### [PROBLEM DESCRIPTION]
Give the data again exactly as it appears, excluding any pictures.

### [Saved entries]

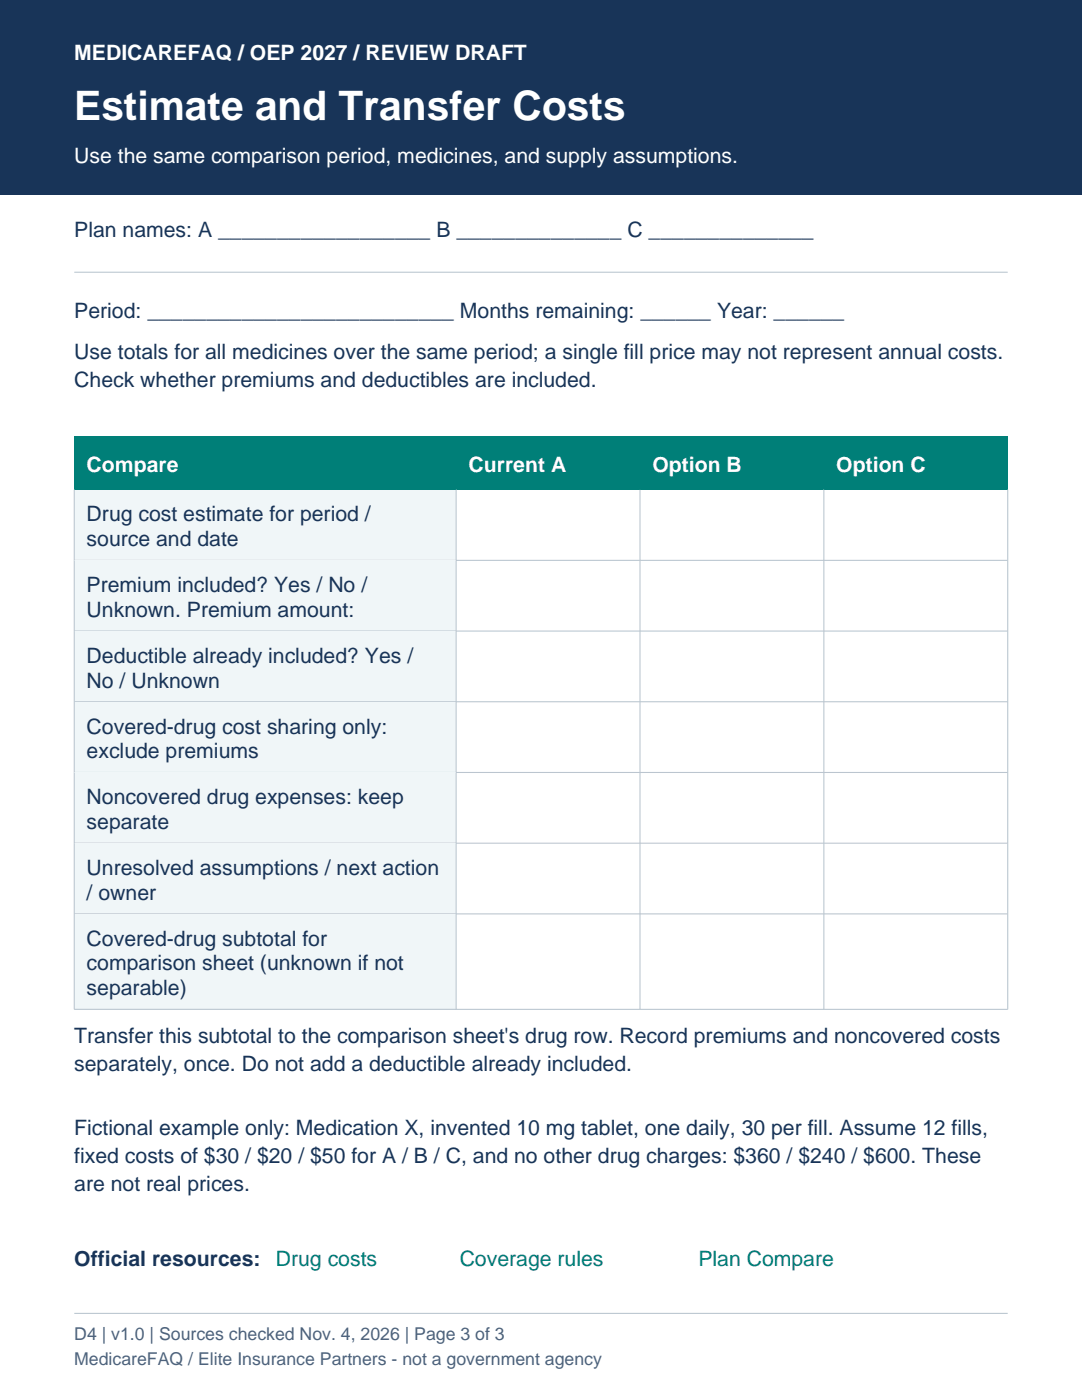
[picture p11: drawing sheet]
<svg xmlns="http://www.w3.org/2000/svg" width="216mm" height="279mm" viewBox="0 0 216 279" stroke-linecap="round" stroke-linejoin="round" font-family="sans-serif">
<defs><g id="words">
<text font-size="8.1" fill="#fff" x="14.8" y="24">Estimate and Transfer Costs</text>
<g font-size="4.2" fill="#fff">
<text x="14.8" y="12">MEDICAREFAQ / OEP 2027 / REVIEW DRAFT</text>
<text x="14.8" y="32.5">Use the same comparison period, medicines, and supply assumptions.</text>
<text x="17.3" y="94.2">Compare</text>
<text x="93.5" y="94.2">Current A</text>
<text x="130.2" y="94.2">Option B</text>
<text x="166.9" y="94.2">Option C</text>
</g>
<g font-size="4.2" fill="#183458">
<text x="14.8" y="47.3">Plan names: A __________________ B ______________ C ______________</text>
<text x="14.8" y="63.5">Period: __________________________ Months remaining: ______ Year: ______</text>
<text x="14.8" y="71.6">Use totals for all medicines over the same period; a single fill price may not represent annual costs.</text>
<text x="14.8" y="77.3">Check whether premiums and deductibles are included.</text>
<text x="17.3" y="104.1">Drug cost estimate for period /</text>
<text x="17.3" y="109">source and date</text>
<text x="17.3" y="118.2">Premium included? Yes / No /</text>
<text x="17.3" y="123.1">Unknown. Premium amount:</text>
<text x="17.3" y="132.3">Deductible already included? Yes /</text>
<text x="17.3" y="137.2">No / Unknown</text>
<text x="17.3" y="146.4">Covered-drug cost sharing only:</text>
<text x="17.3" y="151.3">exclude premiums</text>
<text x="17.3" y="160.5">Noncovered drug expenses: keep</text>
<text x="17.3" y="165.5">separate</text>
<text x="17.3" y="174.6">Unresolved assumptions / next action</text>
<text x="17.3" y="179.6">/ owner</text>
<text x="17.3" y="188.7">Covered-drug subtotal for</text>
<text x="17.3" y="193.7">comparison sheet (unknown if not</text>
<text x="17.3" y="198.6">separable)</text>
<text x="14.8" y="208.1">Transfer this subtotal to the comparison sheet's drug row. Record premiums and noncovered costs</text>
<text x="14.8" y="213.8">separately, once. Do not add a deductible already included.</text>
<text x="14.8" y="226.5">Fictional example only: Medication X, invented 10 mg tablet, one daily, 30 per fill. Assume 12 fills,</text>
<text x="14.8" y="232.1">fixed costs of $30 / $20 / $50 for A / B / C, and no other drug charges: $360 / $240 / $600. These</text>
<text x="14.8" y="237.8">are not real prices.</text>
<text x="14.8" y="252.6">Official resources:</text>
</g>
<g font-size="4.2" fill="#007f78">
<text x="55" y="252.6">Drug costs</text>
<text x="91.7" y="252.6">Coverage rules</text>
<text x="139.3" y="252.6">Plan Compare</text>
</g>
<g font-size="3.5" fill="#536374">
<text x="14.8" y="267.4">D4 | v1.0 | Sources checked Nov. 4, 2026 | Page 3 of 3</text>
<text x="14.8" y="272.3">MedicareFAQ / Elite Insurance Partners - not a government agency</text>
</g>
</g></defs>
<path d="M0 0h215.9v38.8h-215.9z" fill-rule="evenodd" fill="#183458"/>
<path d="M14.8 54.3h186.3M14.8 262.1h186.3" fill="none" stroke="#b9c5cf" stroke-width=".21"/>
<path d="M14.8 87.1h186.3v10.6h-186.3z" fill-rule="evenodd" fill="#007f78"/>
<path d="M14.8 97.7h76.2v14.1h-76.2z" fill-rule="evenodd" fill="#f0f6f8"/>
<path d="M14.8 97.7v14.1h186.3v-14.1M91 97.7v14.1M127.7 97.7v14.1M164.4 97.7v14.1" fill="none" stroke="#b9c5cf" stroke-width=".21"/>
<path d="M14.8 111.8h76.2v14.1h-76.2z" fill-rule="evenodd" fill="#f0f6f8"/>
<path d="M14.8 111.8v14.1h186.3v-14.1M91 111.8v14.1M127.7 111.8v14.1M164.4 111.8v14.1" fill="none" stroke="#b9c5cf" stroke-width=".21"/>
<path d="M14.8 125.9h76.2v14.2h-76.2z" fill-rule="evenodd" fill="#f0f6f8"/>
<path d="M14.8 125.9v14.2h186.3v-14.2M91 125.9v14.2M127.7 125.9v14.2M164.4 125.9v14.2" fill="none" stroke="#b9c5cf" stroke-width=".21"/>
<path d="M14.8 140.1h76.2v14.1h-76.2z" fill-rule="evenodd" fill="#f0f6f8"/>
<path d="M14.8 140.1v14.1h186.3v-14.1M91 140.1v14.1M127.7 140.1v14.1M164.4 140.1v14.1" fill="none" stroke="#b9c5cf" stroke-width=".21"/>
<path d="M14.8 154.2h76.2v14.1h-76.2z" fill-rule="evenodd" fill="#f0f6f8"/>
<path d="M14.8 154.2v14.1h186.3v-14.1M91 154.2v14.1M127.7 154.2v14.1M164.4 154.2v14.1" fill="none" stroke="#b9c5cf" stroke-width=".21"/>
<path d="M14.8 168.3h76.2v14.1h-76.2z" fill-rule="evenodd" fill="#f0f6f8"/>
<path d="M14.8 168.3v14.1h186.3v-14.1M91 168.3v14.1M127.7 168.3v14.1M164.4 168.3v14.1" fill="none" stroke="#b9c5cf" stroke-width=".21"/>
<path d="M14.8 182.4h76.2v19h-76.2z" fill-rule="evenodd" fill="#f0f6f8"/>
<path d="M14.8 182.4v19h186.3v-19M91 182.4v19M127.7 182.4v19M164.4 182.4v19" fill="none" stroke="#b9c5cf" stroke-width=".21"/>
<use href="#words"/>
</svg>

### [ANSWER BELOW]
[picture p11: drawing sheet]
<svg xmlns="http://www.w3.org/2000/svg" width="216mm" height="279mm" viewBox="0 0 216 279" stroke-linecap="round" stroke-linejoin="round" font-family="sans-serif">
<defs><g id="words">
<text font-size="8.1" fill="#fff" x="14.8" y="24">Estimate and Transfer Costs</text>
<g font-size="4.2" fill="#fff">
<text x="14.8" y="12">MEDICAREFAQ / OEP 2027 / REVIEW DRAFT</text>
<text x="14.8" y="32.5">Use the same comparison period, medicines, and supply assumptions.</text>
<text x="17.3" y="94.2">Compare</text>
<text x="93.5" y="94.2">Current A</text>
<text x="130.2" y="94.2">Option B</text>
<text x="166.9" y="94.2">Option C</text>
</g>
<g font-size="4.2" fill="#183458">
<text x="14.8" y="47.3">Plan names: A __________________ B ______________ C ______________</text>
<text x="14.8" y="63.5">Period: __________________________ Months remaining: ______ Year: ______</text>
<text x="14.8" y="71.6">Use totals for all medicines over the same period; a single fill price may not represent annual costs.</text>
<text x="14.8" y="77.3">Check whether premiums and deductibles are included.</text>
<text x="17.3" y="104.1">Drug cost estimate for period /</text>
<text x="17.3" y="109">source and date</text>
<text x="17.3" y="118.2">Premium included? Yes / No /</text>
<text x="17.3" y="123.1">Unknown. Premium amount:</text>
<text x="17.3" y="132.3">Deductible already included? Yes /</text>
<text x="17.3" y="137.2">No / Unknown</text>
<text x="17.3" y="146.4">Covered-drug cost sharing only:</text>
<text x="17.3" y="151.3">exclude premiums</text>
<text x="17.3" y="160.5">Noncovered drug expenses: keep</text>
<text x="17.3" y="165.5">separate</text>
<text x="17.3" y="174.6">Unresolved assumptions / next action</text>
<text x="17.3" y="179.6">/ owner</text>
<text x="17.3" y="188.7">Covered-drug subtotal for</text>
<text x="17.3" y="193.7">comparison sheet (unknown if not</text>
<text x="17.3" y="198.6">separable)</text>
<text x="14.8" y="208.1">Transfer this subtotal to the comparison sheet's drug row. Record premiums and noncovered costs</text>
<text x="14.8" y="213.8">separately, once. Do not add a deductible already included.</text>
<text x="14.8" y="226.5">Fictional example only: Medication X, invented 10 mg tablet, one daily, 30 per fill. Assume 12 fills,</text>
<text x="14.8" y="232.1">fixed costs of $30 / $20 / $50 for A / B / C, and no other drug charges: $360 / $240 / $600. These</text>
<text x="14.8" y="237.8">are not real prices.</text>
<text x="14.8" y="252.6">Official resources:</text>
</g>
<g font-size="4.2" fill="#007f78">
<text x="55" y="252.6">Drug costs</text>
<text x="91.7" y="252.6">Coverage rules</text>
<text x="139.3" y="252.6">Plan Compare</text>
</g>
<g font-size="3.5" fill="#536374">
<text x="14.8" y="267.4">D4 | v1.0 | Sources checked Nov. 4, 2026 | Page 3 of 3</text>
<text x="14.8" y="272.3">MedicareFAQ / Elite Insurance Partners - not a government agency</text>
</g>
</g></defs>
<path d="M0 0h215.9v38.8h-215.9z" fill-rule="evenodd" fill="#183458"/>
<path d="M14.8 54.3h186.3M14.8 262.1h186.3" fill="none" stroke="#b9c5cf" stroke-width=".21"/>
<path d="M14.8 87.1h186.3v10.6h-186.3z" fill-rule="evenodd" fill="#007f78"/>
<path d="M14.8 97.7h76.2v14.1h-76.2z" fill-rule="evenodd" fill="#f0f6f8"/>
<path d="M14.8 97.7v14.1h186.3v-14.1M91 97.7v14.1M127.7 97.7v14.1M164.4 97.7v14.1" fill="none" stroke="#b9c5cf" stroke-width=".21"/>
<path d="M14.8 111.8h76.2v14.1h-76.2z" fill-rule="evenodd" fill="#f0f6f8"/>
<path d="M14.8 111.8v14.1h186.3v-14.1M91 111.8v14.1M127.7 111.8v14.1M164.4 111.8v14.1" fill="none" stroke="#b9c5cf" stroke-width=".21"/>
<path d="M14.8 125.9h76.2v14.2h-76.2z" fill-rule="evenodd" fill="#f0f6f8"/>
<path d="M14.8 125.9v14.2h186.3v-14.2M91 125.9v14.2M127.7 125.9v14.2M164.4 125.9v14.2" fill="none" stroke="#b9c5cf" stroke-width=".21"/>
<path d="M14.8 140.1h76.2v14.1h-76.2z" fill-rule="evenodd" fill="#f0f6f8"/>
<path d="M14.8 140.1v14.1h186.3v-14.1M91 140.1v14.1M127.7 140.1v14.1M164.4 140.1v14.1" fill="none" stroke="#b9c5cf" stroke-width=".21"/>
<path d="M14.8 154.2h76.2v14.1h-76.2z" fill-rule="evenodd" fill="#f0f6f8"/>
<path d="M14.8 154.2v14.1h186.3v-14.1M91 154.2v14.1M127.7 154.2v14.1M164.4 154.2v14.1" fill="none" stroke="#b9c5cf" stroke-width=".21"/>
<path d="M14.8 168.3h76.2v14.1h-76.2z" fill-rule="evenodd" fill="#f0f6f8"/>
<path d="M14.8 168.3v14.1h186.3v-14.1M91 168.3v14.1M127.7 168.3v14.1M164.4 168.3v14.1" fill="none" stroke="#b9c5cf" stroke-width=".21"/>
<path d="M14.8 182.4h76.2v19h-76.2z" fill-rule="evenodd" fill="#f0f6f8"/>
<path d="M14.8 182.4v19h186.3v-19M91 182.4v19M127.7 182.4v19M164.4 182.4v19" fill="none" stroke="#b9c5cf" stroke-width=".21"/>
<use href="#words"/>
</svg>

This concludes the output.